Of course, now that we get how this works, we can also do it with slicing notation, exploiting the fact that _every third position_ in the RNA string will be a codon start position:

In [7]:
for i in range(0, len(s), 3): # the third argument to range is the step size!
    # start = i
    # end = start + 3
    # codon = s[start:end]
    codon = s[i:i+3] # both options are equally correct; this is just more compact!
    print(codon)

AUG
GCC
AUG
GCG
CCC
AGA
ACU
GAG
AUC
AAU
AGU
ACC
CGU
AUU
AAC
GGG
UGA


### 2. replacing codons with their respective aminoacids

Following the link to the codon table we see that each codon is paired up with one aminoacid. We clearly have pairs of things that belong together; maybe a dictionary would be a natural way of saving this information.

But if it's a dictionary, what are the values and what are the keys? We know from the definition of dictionaries that the keys have to be unique. Each aminoacid can be encoded by multiple codons, but each codon encodes exactly one aminoacid. Therefore, the keys should be codons, and the values aminoacids.

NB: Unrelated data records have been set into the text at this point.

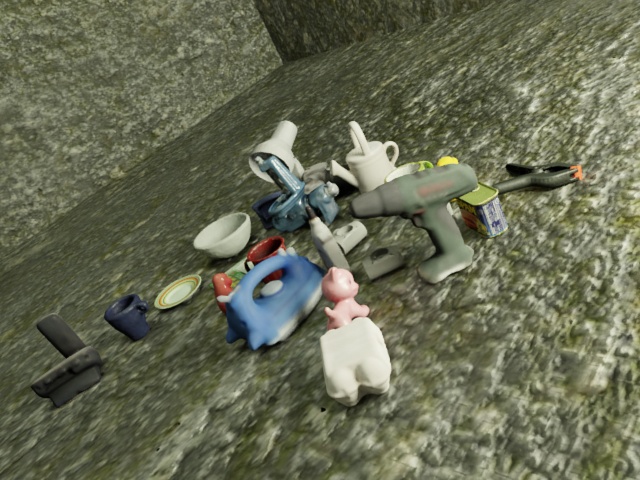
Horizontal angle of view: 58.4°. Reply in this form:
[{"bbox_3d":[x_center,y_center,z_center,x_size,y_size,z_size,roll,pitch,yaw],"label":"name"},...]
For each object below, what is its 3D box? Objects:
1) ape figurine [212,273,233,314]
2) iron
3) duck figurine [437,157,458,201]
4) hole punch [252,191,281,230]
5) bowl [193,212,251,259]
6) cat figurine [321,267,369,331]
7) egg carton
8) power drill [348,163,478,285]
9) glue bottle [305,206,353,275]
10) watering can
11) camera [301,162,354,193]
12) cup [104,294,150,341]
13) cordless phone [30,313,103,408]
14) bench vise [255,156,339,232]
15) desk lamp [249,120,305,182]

We can copy the codon table from the exercise, but we need to be careful: this dictionary assigns an one-letter aminoacid to each codon. This means that the stop codons will need to be handled in a special manner, since "Stop" is a four-letter word, breaking the symmetry of the rest of the table. We will leave them like that for now, but may need to revisit this later.

In [8]:
codons = {
    "UUU": "F", "CUU": "L", "AUU": "I", "GUU": "V",
    "UUC": "F", "CUC": "L", "AUC": "I", "GUC": "V",
    "UUA": "L", "CUA": "L", "AUA": "I", "GUA": "V",
    "UUG": "L", "CUG": "L", "AUG": "M", "GUG": "V",
    "UCU": "S", "CCU": "P", "ACU": "T", "GCU": "A",
    "UCC": "S", "CCC": "P", "ACC": "T", "GCC": "A",
    "UCA": "S", "CCA": "P", "ACA": "T", "GCA": "A",
    "UCG": "S", "CCG": "P", "ACG": "T", "GCG": "A",
    "UAU": "Y", "CAU": "H", "AAU": "N", "GAU": "D",
    "UAC": "Y", "CAC": "H", "AAC": "N", "GAC": "D",
    "UAA": "Stop", "CAA": "Q", "AAA": "K", "GAA": "E",
    "UAG": "Stop", "CAG": "Q", "AAG": "K", "GAG": "E",
    "UGU": "C", "CGU": "R", "AGU": "S", "GGU": "G",
    "UGC": "C", "CGC": "R", "AGC": "S", "GGC": "G",
    "UGA": "Stop", "CGA": "R", "AGA": "R", "GGA": "G",
    "UGG": "W", "CGG": "R", "AGG": "R", "GGG": "G"
}

Now we can simply go through our codons and write out the correct aminoacid for each codon!

In [9]:
for i in range(0, len(s), 3):
    codon = s[i:i+3]
    aminoacid = codons[codon]
    print(aminoacid)

M
A
M
A
P
R
T
E
I
N
S
T
R
I
N
G
Stop


We could try making this into a word, but the "Stop" at the end will mess things up. Maybe we should check for this somehow.

In [10]:
peptide = ""
for i in range(0, len(s), 3):
    codon = s[i:i+3]
    aminoacid = codons[codon]
    if aminoacid != "Stop":
        peptide = peptide + aminoacid
print(peptide)

MAMAPRTEINSTRING


We're done!

Please note: this approach will not stop reading an RNA string if a stop codon is seen; it will continue until there is no more sequence to parse.